WHAT THIS TASK INVOLVES
Please give only the number of lines in the listing below that contain "ezdxf".

━━━━━━━━━━━━━━━━━━━━━━━━━━━━━━

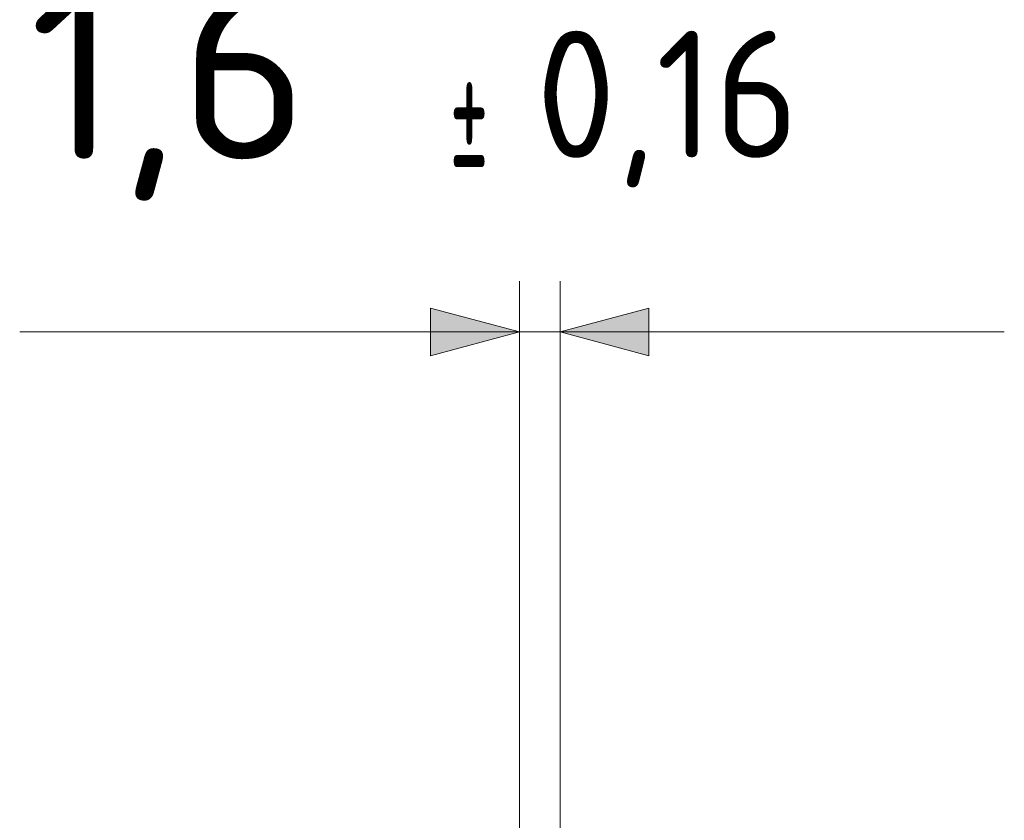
# Model space of a CAD drawing. Header units: inches. Extents: x -35 to 647, y 178 to 608.
# Tile 234 of 234: x 608 to 647, y 576 to 608. Entities that reach past the tile are written whole.
import ezdxf

# ---------------------------------------------------------------- set-up
doc = ezdxf.new("R2010")
doc.units = ezdxf.units.IN
doc.header["$MEASUREMENT"] = 0
doc.layers.add('1', color=7, linetype='Continuous')

# ---------------------------------------------------------------- blocks, each defined once
blk = doc.blocks.new('block 8269')
at = {"layer": '1', "color": 35, "true_color": 0x99724c, "insert": (608.243, 600.603), "char_height": 7, "attachment_point": 7}
blk.add_mtext('\\fDINPro|b0|i0|c0|p34;\\W1.0528;1,6', dxfattribs=at)
blk = doc.blocks.new('block 8270')
at = {"layer": '1', "color": 35, "true_color": 0x99724c, "insert": (624.795, 601.125), "char_height": 5, "attachment_point": 7}
blk.add_mtext('\\fDINPro|b0|i0|c0|p34;\\W0.4742;±', dxfattribs=at)
blk = doc.blocks.new('block 8271')
at = {"layer": '1', "color": 35, "true_color": 0x99724c, "insert": (628.202, 601.125), "char_height": 5, "attachment_point": 7}
blk.add_mtext('\\fDINPro|b0|i0|c0|p34;\\W0.9648;0,16', dxfattribs=at)
blk = doc.blocks.new('block 8272')
at = {"layer": '1', "color": 35, "lineweight": 13, "true_color": 0x99724c}
blk.add_lwpolyline([(629.145, 569.035), (629.145, 597.432)], dxfattribs=at)
blk = doc.blocks.new('block 8273')
at = {"layer": '1', "color": 35, "lineweight": 13, "true_color": 0x99724c}
blk.add_lwpolyline([(627.545, 569.035), (627.545, 597.432)], dxfattribs=at)
blk = doc.blocks.new('block 8274')
at = {"layer": '1', "color": 35, "lineweight": 13, "true_color": 0x99724c}
blk.add_lwpolyline([(607.862, 595.432), (646.645, 595.432)], dxfattribs=at)
blk = doc.blocks.new('block 8275')
at = {"layer": '1', "lineweight": 0}
blk.add_lwpolyline([(632.645, 596.37), (632.645, 594.494), (629.145, 595.432), (632.645, 596.37)], dxfattribs=at)
blk = doc.blocks.new('block 8276')
at = {"layer": '1', "true_color": 0x99724c}
h = blk.add_hatch(color=35, dxfattribs=at)
h.dxf.hatch_style = 2
h.paths.add_polyline_path([(632.645, 596.37), (632.645, 594.494), (629.145, 595.432)])
at = {"layer": '1', "lineweight": 0}
blk.add_lwpolyline([(632.645, 596.37), (632.645, 594.494), (629.145, 595.432), (632.645, 596.37), (632.645, 596.37)], dxfattribs=at)
blk = doc.blocks.new('block 8277')
at = {"layer": '1', "lineweight": 0}
blk.add_lwpolyline([(624.045, 594.494), (624.045, 596.37), (627.545, 595.432), (624.045, 594.494)], dxfattribs=at)
blk = doc.blocks.new('block 8278')
at = {"layer": '1', "true_color": 0x99724c}
h = blk.add_hatch(color=35, dxfattribs=at)
h.dxf.hatch_style = 2
h.paths.add_polyline_path([(624.045, 594.494), (624.045, 596.37), (627.545, 595.432)])
at = {"layer": '1', "lineweight": 0}
blk.add_lwpolyline([(624.045, 594.494), (624.045, 596.37), (627.545, 595.432), (624.045, 594.494), (624.045, 594.494)], dxfattribs=at)

msp = doc.modelspace()

# ---------------------------------------------------------------- block references
at = {"layer": '1'}
for name in ['block 8269', 'block 8270', 'block 8271', 'block 8273', 'block 8272', 'block 8277', 'block 8278', 'block 8275', 'block 8276', 'block 8274']:
    msp.add_blockref(name, (0, 0), dxfattribs=at)

doc.saveas('drawing.dxf')

━━━━━━━━━━━━━━━━━━━━━━━━━━━━━━

RESULT OF THIS EXERCISE
3